Some of the world’s best marketers are embracing creative awards like never before. And nowhere is this more apparent than at Cannes, recently rebranded as the Festival of Creativity.
For several years, Cannes has been consistently demonstrating the correlation between work that works and work that wins. Matt Beispiel, Senior Director of Global Brand Development for McDonald’s, points to a measurable difference. “We’ve seen an ROI 54% higher with creative that wins at Cannes Lions than creative that doesn’t.”
Andy Fennell, CMO of Diageo, puts it succinctly. “10/10 work drives success that 7/10 work doesn’t.”
The link between work that wins and work that works was further strengthened last year by the introduction of the Creative Effectiveness category at Cannes.
The Creative Effectiveness Lions “honour creativity that has shown a measurable and proven impact on a client’s business – creativity that affects consumer behaviour, brand equity, sales, and where identifiable, profit. It will aim to establish a direct correlation between creativity and effectiveness.”
Whatever your previous opinion on awards, its hard to argue with that.
Entries are scored on four points and weighted to emphasize effectiveness. Those criteria are Strategy (25%), Idea (25%), and Results (50%).
To qualify, a campaign must have been recognised for creativity in the previous year’s festival. You must then submit a strategic paper proving your idea was the cause of your client’s success. To win last year’s Grand Prix, Tom White (our brilliant planner on the Walkers ‘Sandwich’ campaign) systematically dismissed all other possible influences to prove our campaign was the sole link to the dramatic increase in sales of Walkers crisps.
The jury is again likely to favour campaigns with this level of focus, a hurdle broader brand campaigns may struggle to clear.
If you look at last year’s Cannes creative winners in this light, you can see some of the Australian campaigns are strong contenders.
Clem’s Melbourne should have a strong argument to show their ‘Break Up’ campaign was the sole factor in gaining customers for NAB, especially when you consider the parity that exists across most of the banking sector.
Similarly, Grey Melbourne will benefit from a single-minded starting premise for their compelling ‘Ripple Effect’ campaign. ‘Ripple Effect’ recently won Platinum at the coveted AMEX awards in the States, which suggests the Grey planners have written a strong paper.

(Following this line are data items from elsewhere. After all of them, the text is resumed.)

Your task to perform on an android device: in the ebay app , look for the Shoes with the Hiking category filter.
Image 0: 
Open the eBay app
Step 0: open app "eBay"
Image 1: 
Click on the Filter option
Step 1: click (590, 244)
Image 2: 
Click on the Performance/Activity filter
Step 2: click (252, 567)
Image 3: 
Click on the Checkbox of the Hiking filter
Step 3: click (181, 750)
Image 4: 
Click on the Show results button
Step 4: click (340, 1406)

The likely competition will come from the UK and US. Strategic planners from the UK are used to producing strong papers for their rigorous local effectiveness awards.
Contenders will include ‘Let’s Colour’ from Dulux and Nike’s ‘Write the Future’ campaign, a Gold winner at this year’s Effies. It would be surprising if the US doesn’t feature strongly too.

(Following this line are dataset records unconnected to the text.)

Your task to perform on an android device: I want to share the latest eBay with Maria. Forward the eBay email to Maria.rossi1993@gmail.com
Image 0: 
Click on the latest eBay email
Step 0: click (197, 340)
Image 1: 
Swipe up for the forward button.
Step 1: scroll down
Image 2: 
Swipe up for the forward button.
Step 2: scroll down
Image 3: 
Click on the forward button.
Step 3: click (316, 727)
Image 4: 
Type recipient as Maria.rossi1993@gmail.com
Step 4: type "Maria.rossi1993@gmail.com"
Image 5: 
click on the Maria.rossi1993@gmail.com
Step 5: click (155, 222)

Last year, 27 of the 142 submissions came from the States. The early favourite for this year’s Grand Prix must be ‘Imported from Detroit’, a powerful, emotional campaign that has helped turn the flat-lining Chrysler business around.
Two Canadian campaigns are worth checking out. ‘Find Red’ for M&M’s, was a Bronze Lion winner at last year’s Festival, and also performed well at the AME awards.
James Ready ‘Help us Help you’, a Silver Lion winner, was recently awarded the Grand Prix in Canada’s Effectiveness awards. Other outsiders are ‘Save as WWF’ from Jung von Matt, Germany, one of my favourite campaigns from last year and another winner at AME, and the multiple Grand Prix-winning ‘American Rom’.
Winning Creative Effectiveness is a unique experience. More than any other award, it is a celebration of the entire team – the strategic planners, creative, production, account service, and most particularly, the clients.
Fingers crossed it’ll be an Aussie team celebrating this year.
- Steve Coll is ECD at Euro RSCG Sydney. He was previously with AMV BBDO in London which won last year’s Effectiveness Lion.
If award-winning creativity is innately effective, why the separate ‘creative effectiveness’ category?
User ID not verified.
Sounds like bullshit to me.. ‘hey lets make an award winning ad, call if effective and head to Cannes for some high five action’
User ID not verified.
I think celebrating campaign effectiveness on a global scale is a worthwhile exercise for the industry, in many ways. There are many local effectiveness awards, and Steve, as I think you’re alluding to – they’re not all created equal (you’d have to say the IPAs in the UK are the preeminent effectiveness awards, with the local Effies looking pretty lightweight in comparison). So a big, global effectiveness award gets a big tick from me.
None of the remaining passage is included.